→ Supplied records
--------------------------------------------------

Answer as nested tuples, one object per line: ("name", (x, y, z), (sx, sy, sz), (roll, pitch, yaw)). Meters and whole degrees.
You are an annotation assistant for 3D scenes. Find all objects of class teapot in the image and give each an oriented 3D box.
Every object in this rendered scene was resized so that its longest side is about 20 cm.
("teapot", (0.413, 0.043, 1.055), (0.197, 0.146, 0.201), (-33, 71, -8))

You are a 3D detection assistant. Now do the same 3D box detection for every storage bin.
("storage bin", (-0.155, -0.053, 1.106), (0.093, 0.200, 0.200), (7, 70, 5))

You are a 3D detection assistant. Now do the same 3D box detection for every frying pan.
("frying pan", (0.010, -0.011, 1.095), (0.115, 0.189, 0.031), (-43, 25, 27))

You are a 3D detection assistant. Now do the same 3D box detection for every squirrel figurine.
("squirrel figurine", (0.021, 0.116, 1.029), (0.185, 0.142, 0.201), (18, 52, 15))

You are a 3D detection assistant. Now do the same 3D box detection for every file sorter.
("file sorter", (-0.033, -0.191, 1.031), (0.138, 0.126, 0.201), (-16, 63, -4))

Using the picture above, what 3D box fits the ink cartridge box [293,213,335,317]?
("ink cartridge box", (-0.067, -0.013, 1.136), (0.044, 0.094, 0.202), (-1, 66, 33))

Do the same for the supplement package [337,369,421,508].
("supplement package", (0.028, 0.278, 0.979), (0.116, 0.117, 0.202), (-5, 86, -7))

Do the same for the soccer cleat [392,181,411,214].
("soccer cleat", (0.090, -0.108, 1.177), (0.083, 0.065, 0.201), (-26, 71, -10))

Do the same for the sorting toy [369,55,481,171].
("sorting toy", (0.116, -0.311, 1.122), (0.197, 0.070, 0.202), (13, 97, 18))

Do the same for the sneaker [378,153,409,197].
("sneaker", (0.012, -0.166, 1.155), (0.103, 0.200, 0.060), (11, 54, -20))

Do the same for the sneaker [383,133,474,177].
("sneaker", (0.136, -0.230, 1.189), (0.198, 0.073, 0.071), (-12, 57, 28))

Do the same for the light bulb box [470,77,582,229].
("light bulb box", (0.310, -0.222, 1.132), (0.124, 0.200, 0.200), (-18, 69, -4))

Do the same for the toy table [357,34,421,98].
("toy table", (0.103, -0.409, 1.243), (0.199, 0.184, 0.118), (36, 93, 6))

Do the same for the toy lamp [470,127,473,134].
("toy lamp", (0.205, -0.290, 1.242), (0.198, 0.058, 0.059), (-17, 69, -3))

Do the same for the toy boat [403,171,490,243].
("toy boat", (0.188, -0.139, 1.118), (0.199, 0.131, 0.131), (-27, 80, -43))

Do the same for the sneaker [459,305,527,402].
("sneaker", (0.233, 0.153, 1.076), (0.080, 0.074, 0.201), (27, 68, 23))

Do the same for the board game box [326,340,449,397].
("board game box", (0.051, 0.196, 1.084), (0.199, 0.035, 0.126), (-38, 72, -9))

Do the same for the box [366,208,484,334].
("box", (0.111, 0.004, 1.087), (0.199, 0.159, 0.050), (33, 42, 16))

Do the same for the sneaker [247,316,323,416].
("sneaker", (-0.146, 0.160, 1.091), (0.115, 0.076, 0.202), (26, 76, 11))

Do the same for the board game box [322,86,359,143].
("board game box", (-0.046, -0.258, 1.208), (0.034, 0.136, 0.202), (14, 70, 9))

--------------------------------------------------

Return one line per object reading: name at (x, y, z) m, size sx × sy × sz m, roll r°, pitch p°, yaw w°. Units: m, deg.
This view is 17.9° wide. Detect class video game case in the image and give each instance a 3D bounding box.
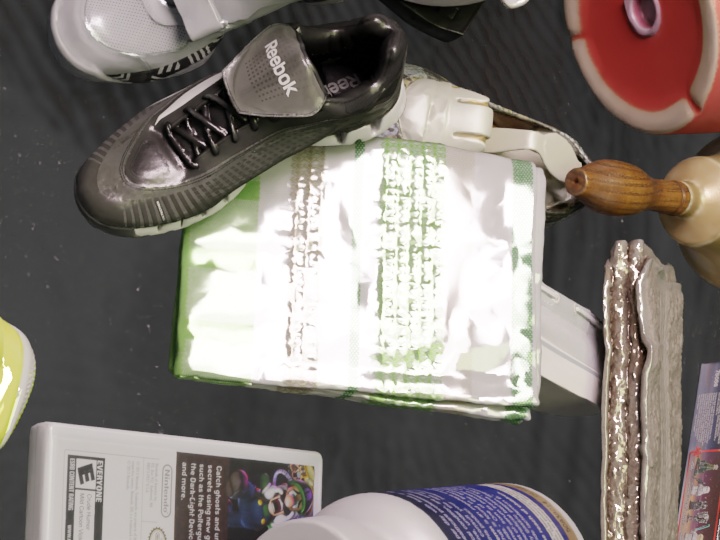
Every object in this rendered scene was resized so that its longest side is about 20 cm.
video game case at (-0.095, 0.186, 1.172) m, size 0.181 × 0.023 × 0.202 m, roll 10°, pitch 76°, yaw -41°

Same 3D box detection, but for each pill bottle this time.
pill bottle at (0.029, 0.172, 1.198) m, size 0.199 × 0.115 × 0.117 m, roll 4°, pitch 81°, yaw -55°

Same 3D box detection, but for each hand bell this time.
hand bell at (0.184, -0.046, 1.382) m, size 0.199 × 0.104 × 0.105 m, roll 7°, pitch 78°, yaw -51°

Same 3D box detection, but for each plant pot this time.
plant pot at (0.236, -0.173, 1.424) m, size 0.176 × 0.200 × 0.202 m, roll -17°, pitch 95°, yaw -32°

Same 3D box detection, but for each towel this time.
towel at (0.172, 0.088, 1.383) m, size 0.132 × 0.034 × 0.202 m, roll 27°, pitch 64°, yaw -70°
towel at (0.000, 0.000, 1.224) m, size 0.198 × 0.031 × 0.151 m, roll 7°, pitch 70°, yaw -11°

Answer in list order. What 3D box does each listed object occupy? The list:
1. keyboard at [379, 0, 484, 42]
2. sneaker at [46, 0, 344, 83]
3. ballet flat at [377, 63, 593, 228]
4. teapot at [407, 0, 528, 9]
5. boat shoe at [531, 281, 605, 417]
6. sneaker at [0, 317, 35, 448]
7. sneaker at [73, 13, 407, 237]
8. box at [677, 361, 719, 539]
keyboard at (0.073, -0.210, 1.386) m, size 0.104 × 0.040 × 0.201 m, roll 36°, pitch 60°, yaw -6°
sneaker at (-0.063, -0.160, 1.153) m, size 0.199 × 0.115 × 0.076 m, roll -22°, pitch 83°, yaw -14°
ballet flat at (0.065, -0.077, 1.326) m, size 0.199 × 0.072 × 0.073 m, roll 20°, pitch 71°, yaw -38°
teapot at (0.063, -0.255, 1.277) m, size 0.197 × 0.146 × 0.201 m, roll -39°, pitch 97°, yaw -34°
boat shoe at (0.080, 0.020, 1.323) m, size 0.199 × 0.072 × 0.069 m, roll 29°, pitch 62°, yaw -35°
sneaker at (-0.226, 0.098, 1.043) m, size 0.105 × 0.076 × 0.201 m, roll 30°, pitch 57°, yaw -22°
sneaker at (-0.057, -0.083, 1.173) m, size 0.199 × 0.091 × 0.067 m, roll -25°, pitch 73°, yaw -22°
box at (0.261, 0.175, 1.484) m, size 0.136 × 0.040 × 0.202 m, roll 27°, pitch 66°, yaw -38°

--------------------------------------------------

→ Exercise instructions
As listed above, the lines from the line with "Answer as nested" to the line with "You are an annotation" are to be echoed exactly, with both ends included and nothing added.

→ Exercise answer
Answer as nested tuples, one object per line: ("name", (x, y, z), (sx, sy, sz), (roll, pitch, yaw)). Meters and whole degrees.
You are an annotation assistant for 3D scenes. Find all objects of class teapot in the image and give each an oriented 3D box.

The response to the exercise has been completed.